In 1898 the company merged with Société de Touage et de Remorquage de l’Oise, and changed its name to "Société Générale de Touage et de Remorquage" (a name it held until 1994). On 7 May 1906 the company listed on the Paris stock exchange. Over the years the company diversified from river barges into freight railcars and shipping containers. It has expanded globally throughout Europe, and into North and South America, and Asia.
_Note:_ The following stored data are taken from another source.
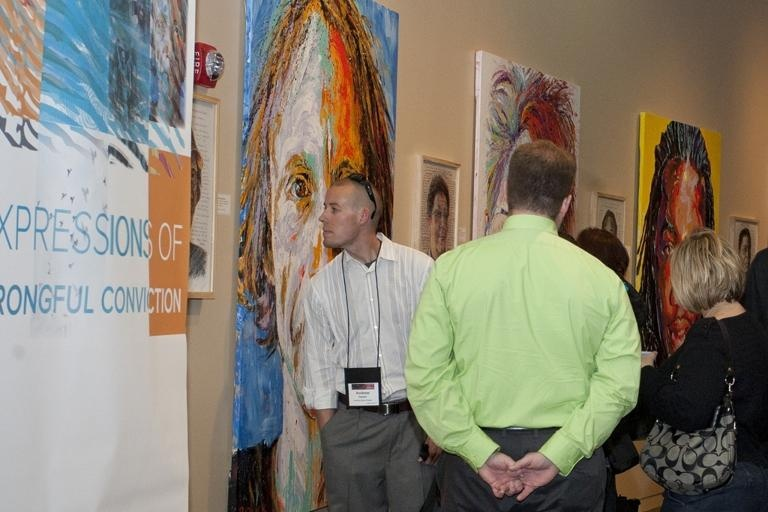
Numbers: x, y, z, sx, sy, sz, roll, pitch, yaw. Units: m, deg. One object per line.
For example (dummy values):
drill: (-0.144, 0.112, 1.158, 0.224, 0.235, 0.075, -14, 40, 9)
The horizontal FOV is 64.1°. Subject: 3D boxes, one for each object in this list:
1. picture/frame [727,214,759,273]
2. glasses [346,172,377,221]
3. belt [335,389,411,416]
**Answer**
picture/frame: (3.902, -0.149, 6.685, 0.049, 0.720, 0.645, -4, -6, 44)
glasses: (-0.138, -0.386, 3.996, 0.069, 0.283, 0.210, -5, 11, -40)
belt: (-0.065, 0.930, 3.877, 0.461, 0.130, 0.087, -1, -4, 2)
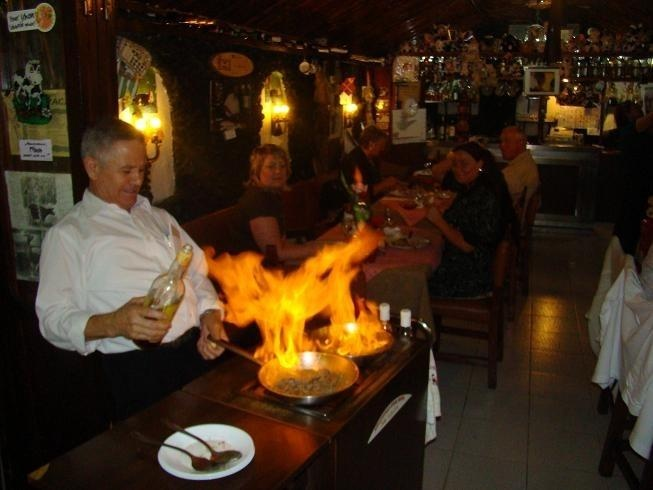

In the 1980s the company created Touax Corporation in the United States. The company changed its name to Touax, as well as consolidated all its business under a single entity, in 1994. The company is currently headed by members of the Walewski family.

==Touax companies==

===River barges===
Touax River Barges is the division of Touax which deals with river transport since the company's formation in 1855. By 1898 the company towed almost 75% of the traffic on the Seine and 70% on the Oise.

===Freight railcars===
In 1954 the company ordered its first railcars, which were then managed by two independent operators. Touax acquired the operations of GE Capital Rail Services in Europe in 2015.

===Shipping containers===
In 1975 Touax moved into shipping containers, and in 1985 acquired Gold Container Corporation – now one of the largest shipping container lessors in the world.